Because this idea was so attractive to researchers studying brain diseases, a large number of potential drugs were developed by pharmaceutical companies that block glutamate receptors, including mGluR5.

Drug giant Novartis actually ran a trail in HD patients with a drug that blocks mGluR5 called AFQ056. The trial was short – 32 days – and focused on the question of whether the drug made movement symptoms in HD patients better.

In short, it didn’t. As a consequence, Novartis halted the investigation of AFQ056 for Huntington’s Disease.

However, the idea that slowing down excitotoxicity as a way to treat HD hasn’t gone away. A number of researchers continue to believe that blocking excitotoxicity might be beneficial in HD, if done in the right way.

The long run

A recent study from Stephen Ferguson’s lab at the University of Ottawa set out to test whether another blocker of mGluR5, called CTEP, might be beneficial in HD mouse models. They conducted a very well designed study that included a large number of mice treated with CTEP in two different ways – for a very short time (1 week), or a prolonged window of 3 months.

Based on how researchers think that excitotoxicity works, treatment with drugs like CTEP may need to be prolonged to show benefit. If true, this suggests the human trial with AFQ056 could have failed because the treatment just wasn’t long enough to see an effect.

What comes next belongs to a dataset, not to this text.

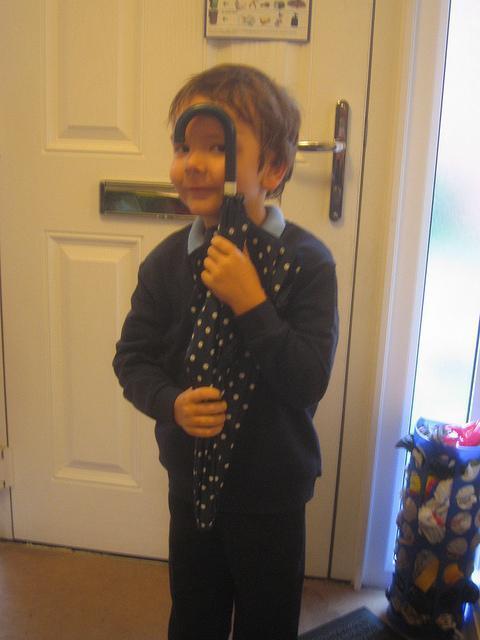How many umbrellas are in the photo?
Give a very brief answer. 1. 
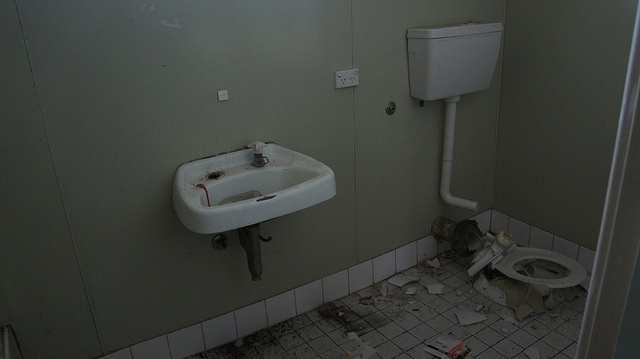Describe the objects in this image and their specific colors. I can see sink in black and gray tones and toilet in black tones in this image.

By comparing short- and long-term treatment with CTEP in HD mice, Ferguson’s team was able to study this question very closely.

They observed that movement symptoms in HD mice treated with CTEP for a long time improved significantly more than when they were treated only for a short time. Similarly, when administered thinking tests, HD mice treated with CTEP improved, and chronic treatment led to larger benefits.

At the end of the study, Ferguson’s lab examined the brains of all the mice. The brains of HD mice, like HD patients, accumulate clumps of cellular garbage that can be seen using a microscope. Mice chronically treated with CTEP had reductions in those garbage piles, and increased signs that a cellular garbage disposal system called autophagy was working.

Optimism renewed

These results prove that blocking mGluR5 with drugs like CTEP can be beneficial for the development of HD symptoms in mice. The fact that long term treatment was better than short term treatment in mice suggests that it might be worth looking into these kind of drugs in HD patients with a longer time horizon than the first trial run by Novartis.

This well run mouse study shows the usefulness of animal models of HD, where we can experiment with these kinds of ideas that would be too expensive or ethically challenging to do in human HD patients. The Ferguson lab has done the HD field a favour by keeping this potential avenue to treatment open.